Now it's time to naively rely on Bayes' theorem, namely independence from singularities. So now we have divided proofs into independent parts.
Now, if any two events A and B are independent, then
P (A, B) = P (A) P (B)
Therefore, we achieve the result:
which can be expressed as:
Now, since the denominator remains constant for the given input, we can remove this term:
Now we need to create a classifier model. To do this, we find the probability of a given set of input data for all possible values of the class variable y and select the output with the maximum probability. This can be expressed mathematically as:
So finally, we are faced with the task of calculating P (y) and P (x i | y).
Note that P (y) is also called the class probability , and P (x i | y) is called conditional probability .
Different naive Bayesian classifiers differ mainly in the assumptions they make relative to the distribution of P (x i | y).
Let's try to apply the above formula manually to our weather dataset.
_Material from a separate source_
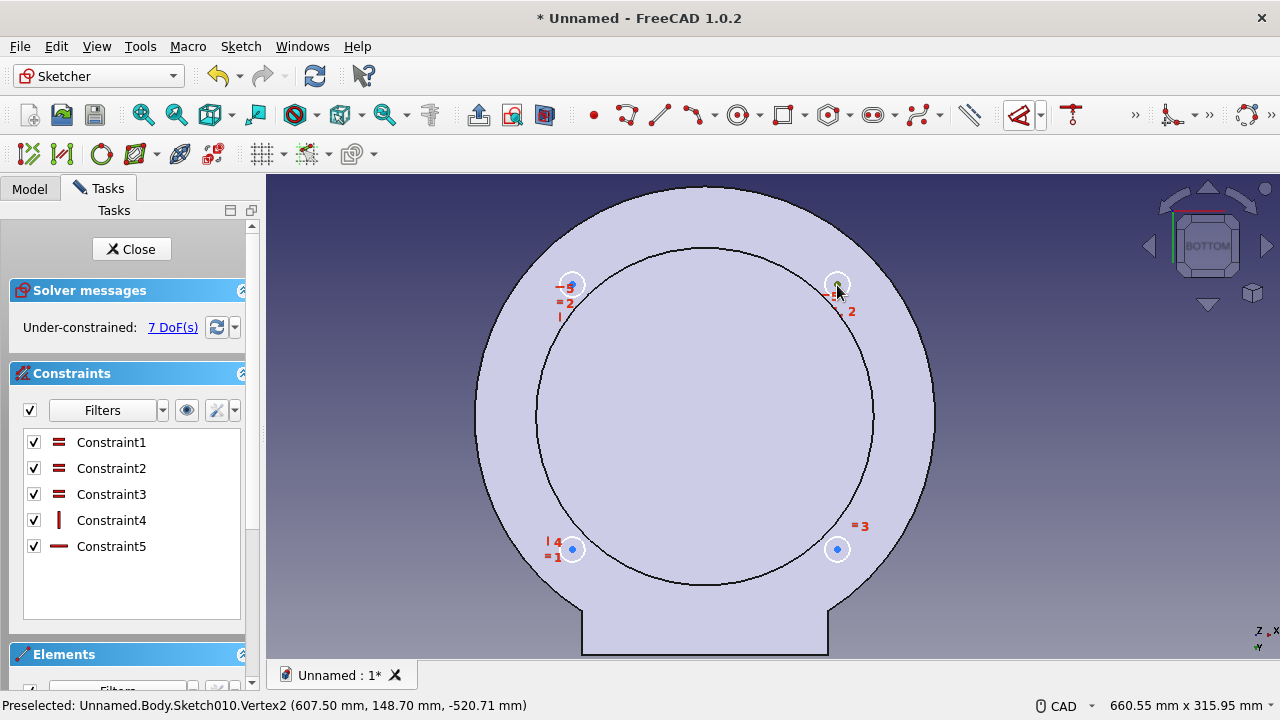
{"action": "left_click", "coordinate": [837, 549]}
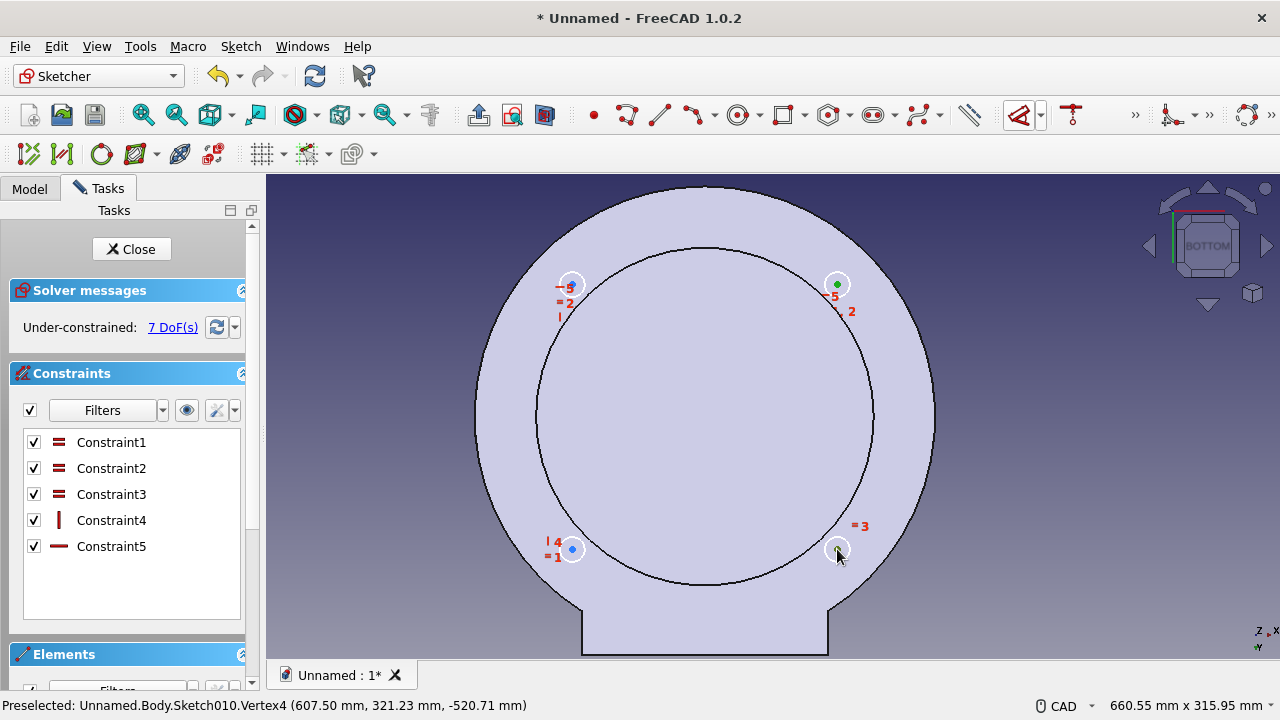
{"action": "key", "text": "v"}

To do this, we need to do some preliminary calculations for our dataset.
We need to find P (x i | y j ) for each x i in X and y j in y. All these calculations were demonstrated in the tables below:
So, in the picture above, we computed P (x i | y j ) for each x i in X and y j to y manually in Tables 1-4. For example, the likelihood of playing golf, given that the temperature is cool, i.e. P (temp. = Cool | play golf = Yes) = 3/9.
We also need to find the probabilities of the classes (P (y)) that were calculated in Table 5. For example, P ( play golf = Yes) = 9/14.
So now we have finished our preliminary calculations and the classifier is ready!
Let's test it for a new set of features (let's call it today) :
today = (Sunny, Hot, Normal, False)
So, the probability of playing golf is defined as:
and the probability of not playing golf is defined as:
Since P (today) is common to both probabilities, we can ignore P (today) and find the proportional probabilities as:
Now that As
These numbers can be converted to probability making the sum equal to 1 (normalization):
So the forecast that golf will be played is yes.
The method we discussed above applies to discrete data. In the case of continuous data, we need to make some assumptions about the distribution of values for each feature. The various naive Bayesian classifiers differ mainly in the assumptions they make about the distribution of P (x i | y).
We now discuss one such classifier here.
Gaussian Naive Bayesian Classifier
In Gaussian Naive Bayesian Method it is assumed that the continuous values associated with each feature are distributed according to the Gaussian distribution . Gaussian distribution is also called normal distribution . When plotted, the graph produces a bell-shaped curve that is symmetrical about the mean of the object, as shown below:
The probability of features is assumed to be Gaussian, therefore, the conditional probability is defined as:
We now look at implementing a Gaussian naive Bayesian classifier using scikit-learn.
Gaussian Naive Bayes model accuracy (in%): 95.0
Others popular naive Bayesian classifiers:
When we get to the end of this article, here are some important points to think about:
This blog is courtesy of Nikhil Kumar . If you like Python.Engineering and would like to contribute, you can also write an article using contrib.python.engineering, or email your article to [email protected] See my article appearing on the Python.Engineering homepage and help other geeks.
Please post comments if you find anything wrong or if you would like to share more information on the topic discussed above.